Dans le champ élargi de la sculpture, le travail de Simon Nicaise se réfère à son environnement proche son atelier tout particulièrement – ainsi qu’aux matériaux qui le compose. Ses oeuvres contiennent ou exacerbent une puissance qui affecte parfois même l’espace d’exposition. La réalisation des oeuvres, qu’elles soient construites de toute pièce ou le résultat d’une série de transformations, est toujours très soignée. Cette rigueur, associée à des gestes d’une intensité rare, s’allie avec subtilité au désordre et à l’excès. A partir d’actions simples – assembler, percer, aimanter, suspendre… – , Simon Nicaise détourne les objets de leur fonction ou de leur signification initiales.
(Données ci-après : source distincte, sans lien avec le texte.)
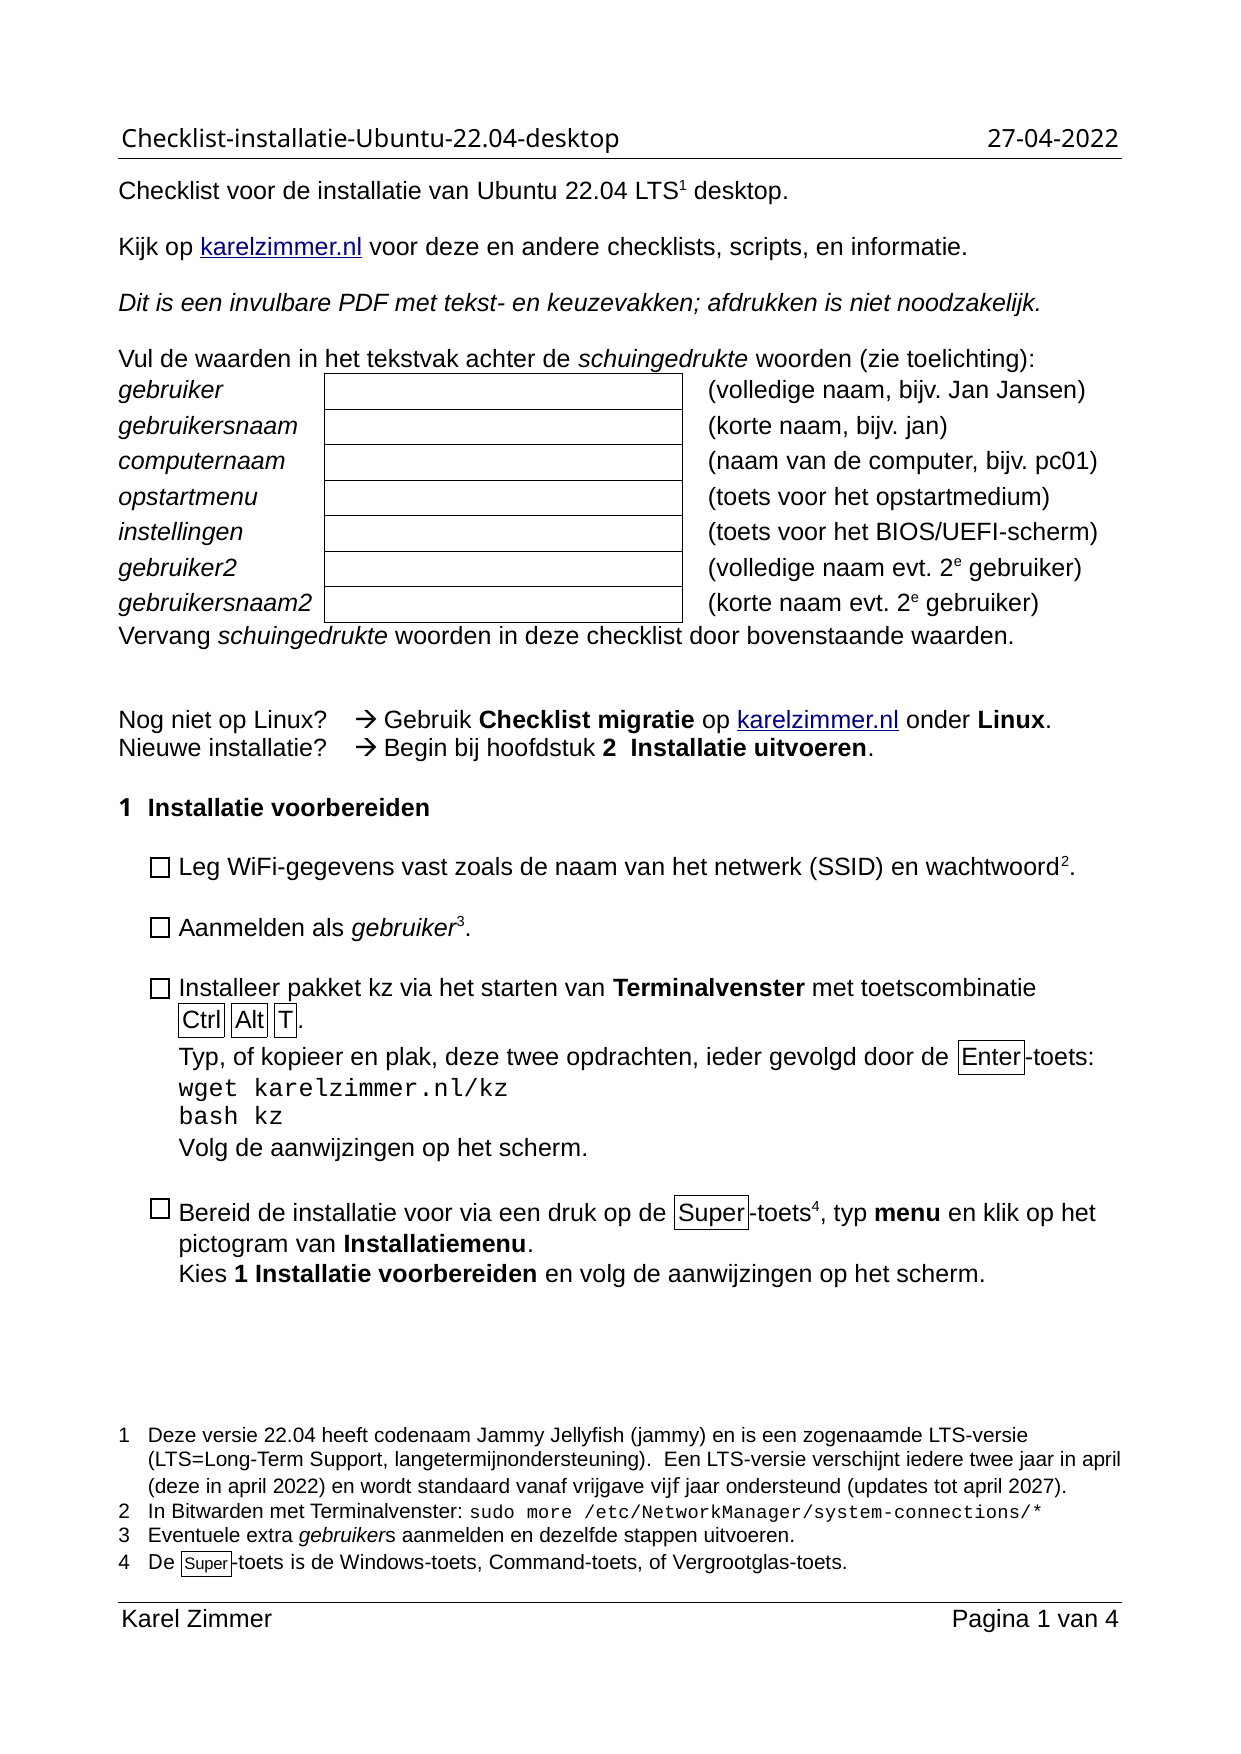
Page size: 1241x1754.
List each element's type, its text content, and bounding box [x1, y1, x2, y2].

Dans leurs nouveaux modes d’existence, ils semblent dotés d’un pouvoir (d’attraction et de destruction, au sens propre comme au sens figuré) aussi puissant qu’éphémère.
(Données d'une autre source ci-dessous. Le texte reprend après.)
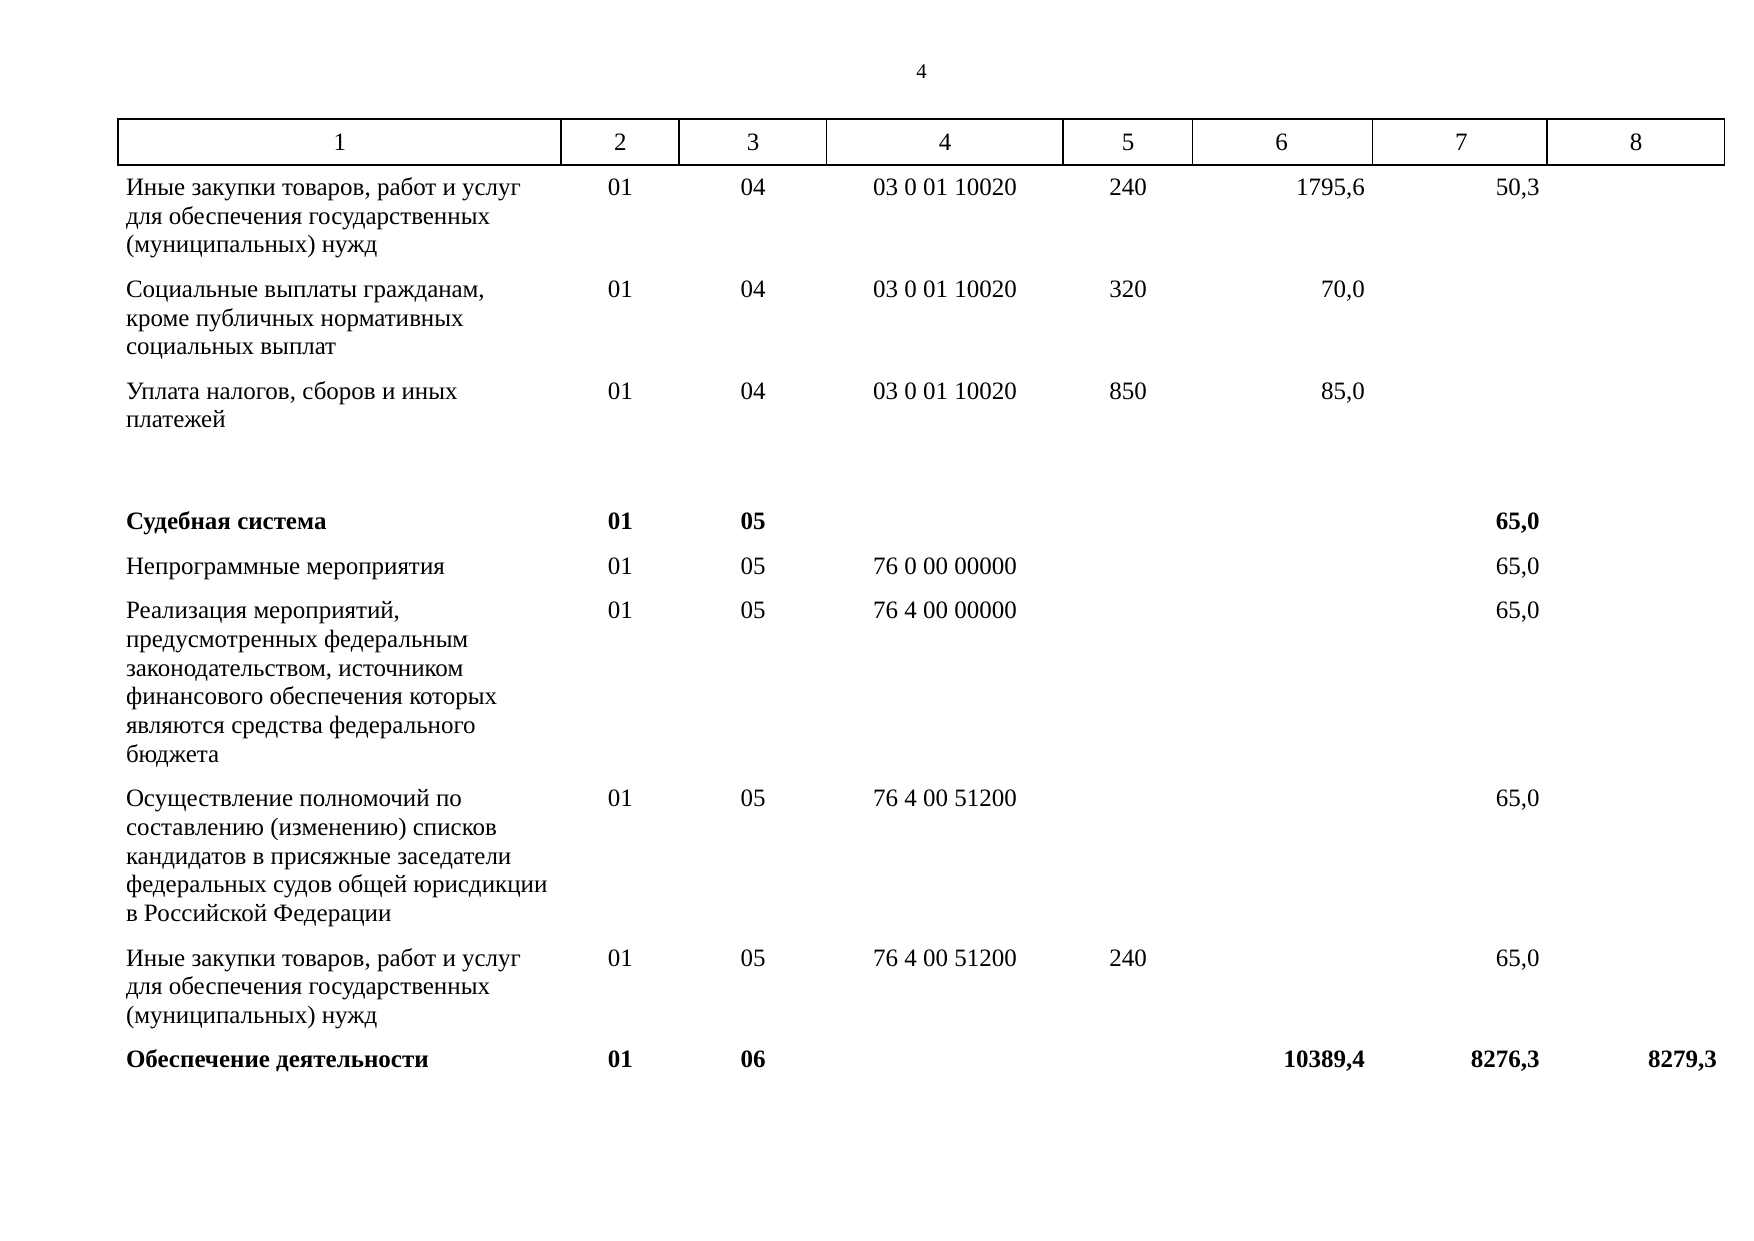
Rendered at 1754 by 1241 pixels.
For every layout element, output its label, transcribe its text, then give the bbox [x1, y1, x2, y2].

table_header 2 [569, 128, 671, 156]
table_header 7 [1380, 128, 1542, 156]
table_cell [1372, 266, 1547, 368]
table_cell 05 [679, 775, 827, 935]
table_cell 240 [1063, 935, 1193, 1037]
table_cell Осуществление полномочий по составлению (изменению) списков кандидатов в присяжные заседатели федеральных судов общей юрисдикции в Российской Федерации [118, 775, 561, 935]
table_cell 10389,4 [1193, 1037, 1372, 1081]
table_header 6 [1201, 128, 1362, 156]
table_cell [1547, 499, 1724, 543]
table_cell 01 [561, 775, 679, 935]
table_header 4 [835, 128, 1055, 156]
table_cell [1063, 499, 1193, 543]
table_cell [1547, 543, 1724, 587]
table_header [119, 120, 560, 164]
table_cell 65,0 [1372, 543, 1547, 587]
table_cell [1547, 775, 1724, 935]
table_cell [1547, 935, 1724, 1037]
table_cell 05 [679, 499, 827, 543]
table_cell [1547, 368, 1724, 498]
table_cell [1063, 587, 1193, 775]
table_cell [1193, 935, 1372, 1037]
table_cell 50,3 [1372, 166, 1547, 266]
table_cell [1063, 775, 1193, 935]
table_header [562, 120, 678, 164]
table_header 5 [1071, 128, 1185, 156]
table_header [827, 120, 1062, 164]
table_cell Иные закупки товаров, работ и услуг для обеспечения государственных (муниципальных) нужд [118, 935, 561, 1037]
table_cell 03 0 01 10020 [827, 368, 1063, 498]
table_cell [1547, 587, 1724, 775]
table_cell [1193, 775, 1372, 935]
table_cell 04 [679, 266, 827, 368]
table_cell 01 [561, 1037, 679, 1081]
table_cell 8276,3 [1372, 1037, 1547, 1081]
table_cell 65,0 [1372, 499, 1547, 543]
table_cell 70,0 [1193, 266, 1372, 368]
table_cell Социальные выплаты гражданам, кроме публичных нормативных социальных выплат [118, 266, 561, 368]
table_cell [1193, 499, 1372, 543]
table_cell 03 0 01 10020 [827, 266, 1063, 368]
table_cell 65,0 [1372, 775, 1547, 935]
table_cell 65,0 [1372, 935, 1547, 1037]
table_header [1193, 120, 1372, 164]
table_cell [1063, 1037, 1193, 1081]
table_cell 01 [561, 368, 679, 498]
table_cell 05 [679, 935, 827, 1037]
table_header [1548, 120, 1724, 164]
table_cell Непрограммные мероприятия [118, 543, 561, 587]
table_cell 01 [561, 543, 679, 587]
table_cell Иные закупки товаров, работ и услуг для обеспечения государственных (муниципальных) нужд [118, 166, 561, 266]
table_cell 76 4 00 51200 [827, 775, 1063, 935]
table_cell 06 [679, 1037, 827, 1081]
table_cell 1795,6 [1193, 166, 1372, 266]
table_cell 01 [561, 935, 679, 1037]
table_cell [1193, 543, 1372, 587]
table_cell 01 [561, 499, 679, 543]
table_cell 04 [679, 368, 827, 498]
table_cell 76 4 00 00000 [827, 587, 1063, 775]
table_cell 65,0 [1372, 587, 1547, 775]
table_cell Реализация мероприятий, предусмотренных федеральным законодательством, источником финансового обеспечения которых являются средства федерального бюджета [118, 587, 561, 775]
table_cell [827, 499, 1063, 543]
table_cell 8279,3 [1547, 1037, 1724, 1081]
table_header 1 [126, 128, 553, 156]
table_cell 05 [679, 543, 827, 587]
table_cell 01 [561, 166, 679, 266]
table_cell 04 [679, 166, 827, 266]
table_cell 240 [1063, 166, 1193, 266]
table_cell 01 [561, 266, 679, 368]
table_cell 76 4 00 51200 [827, 935, 1063, 1037]
table_cell 76 0 00 00000 [827, 543, 1063, 587]
table_header [1373, 120, 1546, 164]
table_cell Уплата налогов, сборов и иных платежей [118, 368, 561, 498]
table_cell 320 [1063, 266, 1193, 368]
table_header 8 [1555, 128, 1716, 156]
table_header [680, 120, 826, 164]
table_cell [1547, 266, 1724, 368]
table_cell 850 [1063, 368, 1193, 498]
table_cell 05 [679, 587, 827, 775]
table_cell [1193, 587, 1372, 775]
table_cell [1372, 368, 1547, 498]
table_cell 85,0 [1193, 368, 1372, 498]
table_cell [827, 1037, 1063, 1081]
table_cell Судебная система [118, 499, 561, 543]
table_cell 01 [561, 587, 679, 775]
table_header [1064, 120, 1192, 164]
table_cell Обеспечение деятельности [118, 1037, 561, 1081]
table_cell [1547, 166, 1724, 266]
table_cell [1063, 543, 1193, 587]
table_cell 03 0 01 10020 [827, 166, 1063, 266]
table_header 3 [687, 128, 819, 156]

(…) Ce qui est mentalement et physiquement déconcertant dans le travail de Simon Nicaise n’est pas dû à un dysfonctionnement de l’objet lui-même mais au programme « défaillant » qu’il y introduit. Les procédés que l’artiste façonne et « fictionne » confèrent aux objets une inquiétante autonomie qui les relie à la « machine ». La dimension domestique et la reconnaissance des objets convoqués, offrent la possibilité d’un sentiment de déjà vu d’autant plus troublant.
(…) Déviés ou altérés, les objets et les processus convoqués dans les oeuvres témoignent de la position critique de l’artiste à l’égard des notions de progrès et de productivité. Animé par une dynamique (une poétique) de l’anéantissement constructif, son travail entretient des rapports complexes avec la temporalité. Parfois, il tente de briser le déroulement irréversible du temps en accélérant ou en ralentissant le cours des choses.
(…) Une mélancolie persistante accompagne l’artiste dans ses recherches formelles et dans son travail sur la matière. Les rapports contradictoires que celui-ci entretient avec les objets oscillent entre obsession et rejet, érotisme et violence. Enflammées ou apathiques, les alliances intrigantes qu’il compose rendent visibles ces tensions et allégorisent plus largement la nature ambiguë de toute chose.